Shown below is a listing with pictures; reproduce exactly, and only, the lines between the ones containing "11. C1 level" and "Return one JSON", inclusive, leaving the pictures out.

*** Opening of THE INPUT ***

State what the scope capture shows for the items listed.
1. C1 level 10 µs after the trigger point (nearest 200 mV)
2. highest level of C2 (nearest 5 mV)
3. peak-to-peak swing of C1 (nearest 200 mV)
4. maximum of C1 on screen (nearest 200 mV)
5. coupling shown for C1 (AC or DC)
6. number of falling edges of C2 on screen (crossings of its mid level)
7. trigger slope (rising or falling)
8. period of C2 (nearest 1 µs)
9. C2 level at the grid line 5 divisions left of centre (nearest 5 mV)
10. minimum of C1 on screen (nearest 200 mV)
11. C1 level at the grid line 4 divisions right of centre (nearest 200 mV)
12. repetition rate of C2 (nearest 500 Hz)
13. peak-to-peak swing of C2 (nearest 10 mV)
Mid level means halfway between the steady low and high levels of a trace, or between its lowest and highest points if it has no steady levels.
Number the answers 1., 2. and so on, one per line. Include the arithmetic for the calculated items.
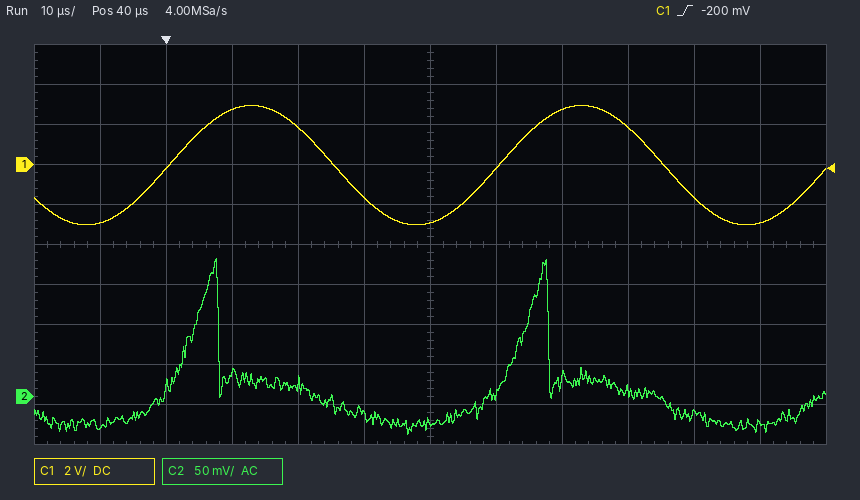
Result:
1. 2.8 V
2. 170 mV
3. 3.0 V − (-3.0 V) = 6.0 V
4. 3.0 V
5. DC
6. 2
7. rising
8. 50 µs
9. -40 mV
10. -3.0 V
11. -1.6 V
12. 1 / 50 µs ≈ 20.0 kHz
13. 220 mV
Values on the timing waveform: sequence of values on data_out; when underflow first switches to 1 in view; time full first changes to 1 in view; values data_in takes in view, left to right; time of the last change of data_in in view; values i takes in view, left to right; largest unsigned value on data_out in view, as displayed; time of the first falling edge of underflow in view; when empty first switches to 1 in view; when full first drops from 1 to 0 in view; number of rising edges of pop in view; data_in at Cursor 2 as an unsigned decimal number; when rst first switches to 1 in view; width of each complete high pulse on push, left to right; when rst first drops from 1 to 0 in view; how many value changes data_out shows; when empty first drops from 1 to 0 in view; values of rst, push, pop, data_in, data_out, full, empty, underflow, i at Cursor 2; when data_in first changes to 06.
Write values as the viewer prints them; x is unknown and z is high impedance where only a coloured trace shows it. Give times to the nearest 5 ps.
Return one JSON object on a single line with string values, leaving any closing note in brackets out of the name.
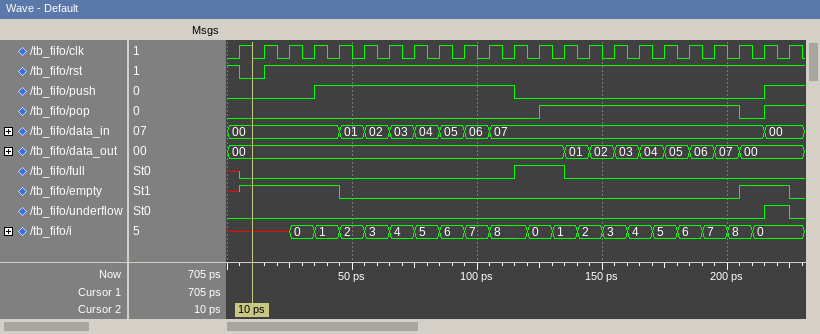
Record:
{"sequence of values on data_out": "00, 01, 02, 03, 04, 05, 06, 07, 00", "when underflow first switches to 1 in view": "215 ps", "time full first changes to 1 in view": "115 ps", "values data_in takes in view, left to right": "00, 01, 02, 03, 04, 05, 06, 07, 00", "time of the last change of data_in in view": "215 ps", "values i takes in view, left to right": "x, 0, 1, 2, 3, 4, 5, 6, 7, 8, 0, 1, 2, 3, 4, 5, 6, 7, 8, 0", "largest unsigned value on data_out in view, as displayed": "07", "time of the first falling edge of underflow in view": "225 ps", "when empty first switches to 1 in view": "5 ps", "when full first drops from 1 to 0 in view": "135 ps", "number of rising edges of pop in view": "2", "data_in at Cursor 2 as an unsigned decimal number": "0", "when rst first switches to 1 in view": "15 ps", "width of each complete high pulse on push, left to right": "80 ps", "when rst first drops from 1 to 0 in view": "5 ps", "how many value changes data_out shows": "8", "when empty first drops from 1 to 0 in view": "45 ps", "values of rst, push, pop, data_in, data_out, full, empty, underflow, i at Cursor 2": "rst=0, push=0, pop=0, data_in=00, data_out=00, full=0, empty=1, underflow=0, i=x", "when data_in first changes to 06": "95 ps"}
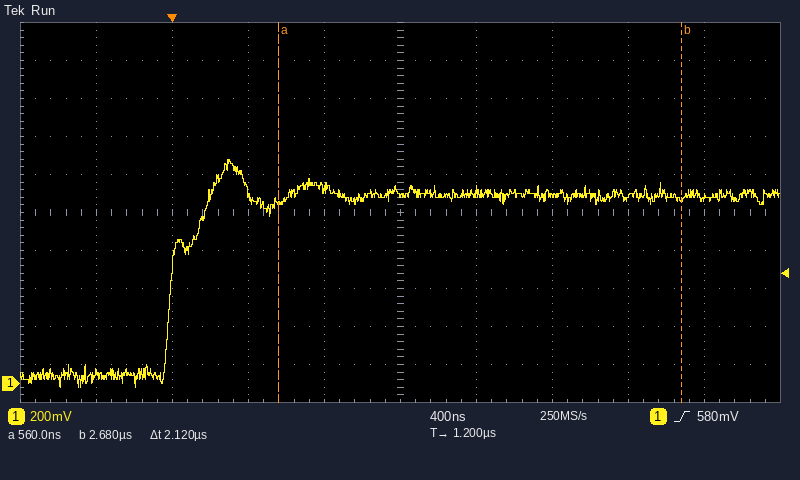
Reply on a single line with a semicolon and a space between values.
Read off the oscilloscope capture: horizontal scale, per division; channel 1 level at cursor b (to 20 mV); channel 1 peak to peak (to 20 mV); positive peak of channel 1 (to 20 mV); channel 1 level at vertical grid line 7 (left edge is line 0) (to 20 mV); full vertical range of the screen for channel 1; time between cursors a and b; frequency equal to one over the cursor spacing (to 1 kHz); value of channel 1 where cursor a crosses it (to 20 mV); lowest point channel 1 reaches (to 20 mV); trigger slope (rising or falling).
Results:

*** Close of THE INPUT ***

YOUR RESPONSE:
11. C1 level at the grid line 4 divisions right of centre (nearest 200 mV)
12. repetition rate of C2 (nearest 500 Hz)
13. peak-to-peak swing of C2 (nearest 10 mV)
Mid level means halfway between the steady low and high levels of a trace, or between its lowest and highest points if it has no steady levels.
Number the answers 1., 2. and so on, one per line. Include the arithmetic for the calculated items.
Result:
1. 2.8 V
2. 170 mV
3. 3.0 V − (-3.0 V) = 6.0 V
4. 3.0 V
5. DC
6. 2
7. rising
8. 50 µs
9. -40 mV
10. -3.0 V
11. -1.6 V
12. 1 / 50 µs ≈ 20.0 kHz
13. 220 mV
Values on the timing waveform: sequence of values on data_out; when underflow first switches to 1 in view; time full first changes to 1 in view; values data_in takes in view, left to right; time of the last change of data_in in view; values i takes in view, left to right; largest unsigned value on data_out in view, as displayed; time of the first falling edge of underflow in view; when empty first switches to 1 in view; when full first drops from 1 to 0 in view; number of rising edges of pop in view; data_in at Cursor 2 as an unsigned decimal number; when rst first switches to 1 in view; width of each complete high pulse on push, left to right; when rst first drops from 1 to 0 in view; how many value changes data_out shows; when empty first drops from 1 to 0 in view; values of rst, push, pop, data_in, data_out, full, empty, underflow, i at Cursor 2; when data_in first changes to 06.
Write values as the viewer prints them; x is unknown and z is high impedance where only a coloured trace shows it. Give times to the nearest 5 ps.
Return one JSON object on a single line with string values, leaving any closing note in brackets out of the name.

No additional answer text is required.